# Order of evaluation in NIntegrate

I have the following function of three variables:

sbbf[ω_,κ2_,g2_]:=(38.4 g2^2 Sqrt[κ2^2])/(16 g2^4 (1/100000000 +
4 ω^2) + (κ2^2 + 4 ω^2) (16 +
8 (1/10000 - 4 ω^2) + (1/100000000 + 4 ω^2) (1 +
4 ω^2)) +
8 g2^2 ((κ2 - 4 ω^2) (1/100000000 + 4 ω^2) +
4 (κ2/10000 + 4 ω^2))) + (9.6 (κ2^2 +
4 ω^2))/(16 g2^4 (1/100000000 +
4 ω^2) + (κ2^2 + 4 ω^2) (16 +
8 (1/10000 - 4 ω^2) + (1/100000000 + 4 ω^2) (1 +
4 ω^2)) +
8 g2^2 ((κ2 - 4 ω^2) (1/100000000 + 4 ω^2) +
4 (κ2/10000 + 4 ω^2))) + (0.0122 (16 g2^4 +
8 g2^2 (κ2 - 4 ω^2) + (1 +
4 ω^2) (κ2^2 + 4 ω^2)))/(16 g2^4 (1/
100000000 + 4 ω^2) + (κ2^2 + 4 ω^2) (16 +
8 (1/10000 - 4 ω^2) + (1/100000000 + 4 ω^2) (1 +
4 ω^2)) +
8 g2^2 ((κ2 - 4 ω^2) (1/100000000 + 4 ω^2) +
4 (κ2/10000 + 4 ω^2)))


I wish to integrate sbbf with respect to ω. I do the following:

T =
Table[{cc2,
NIntegrate[
Evaluate[(sbbf /. {g2 ->
Sqrt[ cc2]/2*Sqrt[κ1*κ2]}) /. { κ2 ->
10.}], {ω, -100, 100}]}, {cc2, 0, 100, 0.1}]


And I run into an error that says: the integrand sbbf has evaluated to non-numerical values for all sampling points in the region with boundaries {{0,100}}. I proceed to look about this online and found something that seemed relevant from this article: http://support.wolfram.com/kb/12502

From what I can understand, it appears that the function is undefined for non-numeric values (perhaps κ2 and cc2?) and NIntegrate is unable to evaluate it.

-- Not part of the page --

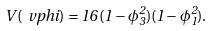<formula> <loc_0><loc_0><loc_500><loc_500>V ( \ v p h i ) = 1 6 \, ( 1 - \phi _ { 3 } ^ { 2 } ) ( 1 - \phi _ { 1 } ^ { 2 } ) .</formula>

I think the solution is to reverse the order of evaluation (integrate only when the input constants are numeric). So I proceeded to do the following modification:

T[cc2_?NumericQ] :=
Table[{cc2,
NIntegrate[
Evaluate[(sbbf /. {g2 ->
Sqrt[ cc2]/2*Sqrt[κ1*κ2]}) /. { κ2 ->
10.}], {ω, -100, 100}]}, {cc2, 0, 100, 0.1}]


Unfortunately the above fix did not work and I suspected that I need more ?NumericQ for my other constants. So I did

T[cc2_?NumericQ, κ1_?NumericQ, κ2_?NumericQ, g2_?NumericQ]:= ...


For good measure but unfortunately that didn't work as well. I am quite lost at this moment and I could use any help that I can get.

• What you tried was sensible but there remains a symbolic κ1 in the input. – Daniel Lichtblau Mar 11 '18 at 16:27
• What is the value of κ1 supposed to be? – J. M. will be back soon Mar 11 '18 at 16:27
• Apologies, [Kappa]1 goes to 1. I placed that right before [Kappa]2 -> 10 but it still didn't work. – kowalski Mar 11 '18 at 16:35
• sbbf by itself (without [args]) has not been defined. you should use sbbf[Sqrt[ cc2]/2*Sqrt[κ1*κ2],10.,w] – george2079 Mar 11 '18 at 16:47
• @george2079 I think what you meant was to put the first argument as w, followed by 10 for k2 and 'Sqrt[cc2*k1*k2]/2' (your order of argument is different from mine). But it worked without the need for defining ?NumericQ for my table T. – kowalski Mar 11 '18 at 17:07

You can try this, as you already have defined sbbf:
pts={#, NIntegrate[sbbf[\[Omega], 10, Sqrt[#]/2*Sqrt[10]], {\[Omega], -100, 100}]}

and by seeing the result, no need to use fine sampling in cc2`.